Climate change and increasing droughts pose significant challenges to water resource management around the world. These problems lead to severe water shortages that threaten ecosystems, agriculture, and human communities. To advance the fight against these challenges, we present a new dataset, SEN12-WATER, along with a benchmark using a novel end-to-end Deep Learning (DL) framework for proactive drought-related analysis. The dataset, identified as a spatiotemporal datacube, integrates SAR polarization, elevation, slope, and multispectral optical bands. Our DL framework enables the analysis and estimation of water losses over time in reservoirs of interest, revealing significant insights into water dynamics for drought analysis by examining temporal changes in physical quantities such as water volume. Our methodology takes advantage of the multitemporal and multimodal characteristics of the proposed dataset, enabling robust generalization and advancing understanding of drought, contributing to climate change resilience and sustainable water resource management. The proposed framework involves, among the several components, speckle noise removal from SAR data, a water body segmentation through a U-Net architecture, the time series analysis, and the predictive capability of a Time-Distributed-Convolutional Neural Network (TD-CNN).
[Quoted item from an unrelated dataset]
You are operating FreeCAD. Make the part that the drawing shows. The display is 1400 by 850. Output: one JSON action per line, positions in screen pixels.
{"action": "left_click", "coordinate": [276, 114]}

Results are validated through ground truth data acquired on-ground via dedicated sensors and (tailored) metrics, such as Precision, Recall, Intersection over Union, Mean Squared Error, Structural Similarity Index Measure and Peak Signal-to-Noise Ratio.
Paper Structure (16 sections, 3 equations, 5 figures, 6 tables)
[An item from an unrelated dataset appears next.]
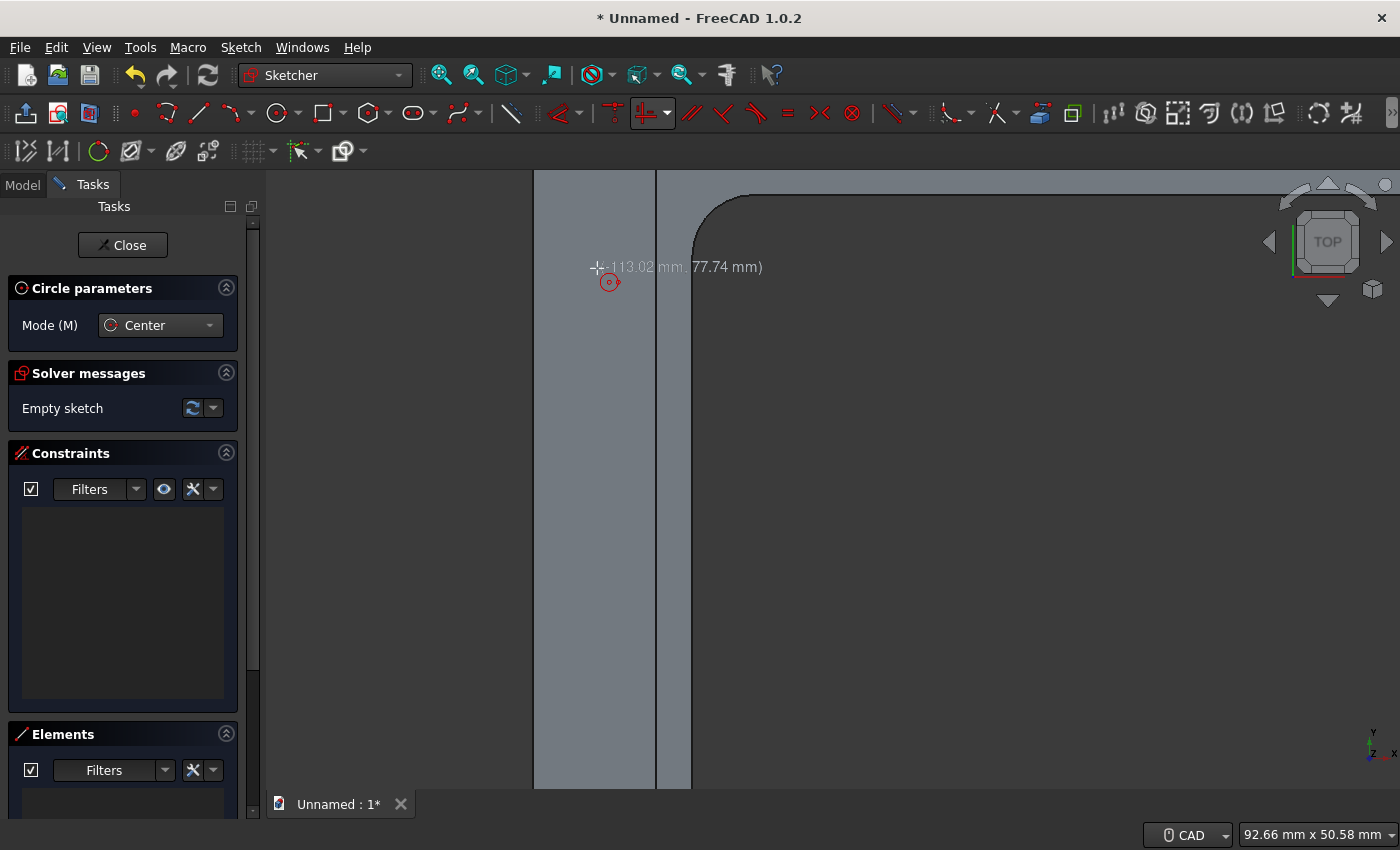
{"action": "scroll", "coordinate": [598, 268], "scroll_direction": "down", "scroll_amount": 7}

This paper contains 16 sections, 3 equations, 5 figures, 6 tables.

Figures (5)

  • Figure 1: Visualization of the SEN12-WATER Dataset. On the y-axis are different geographical locations, and on the x-axis are the time series images for each location. Each cube plot shows the compound product of the S1 polarizations (VV+VH) and S2 spectral bands (R+G+B+NIR). The datacube is finally enriched with slope and elevation information for each geolocation. This plot has been produced using https://alessandrosebastianelli.github.io/opensv/pyosv.html.
  • Figure 2: Proposed end-to-end framework and methodology composed of several blocks: segmentation of water basins, prediction of future water and drought masks and evaluation of the quantity of water pixels within each segmented mask.
  • Figure 3: Visual comparison of our method output (before the time-series analysis block), with respect to input data (S1 & S2) and reference data. Each row represents, $1)$ S1 data, $2)$ S2 data, $3)$ method results, 4) ground truth.
  • Figure 4: Investigation on the temporal trends in the water volume variation.
  • Figure 5: Olivo Dam in different seasons: (a) spring, April 13, 2016; (b) summer, August 21, 2016; (c) autumn, October 10, 2016.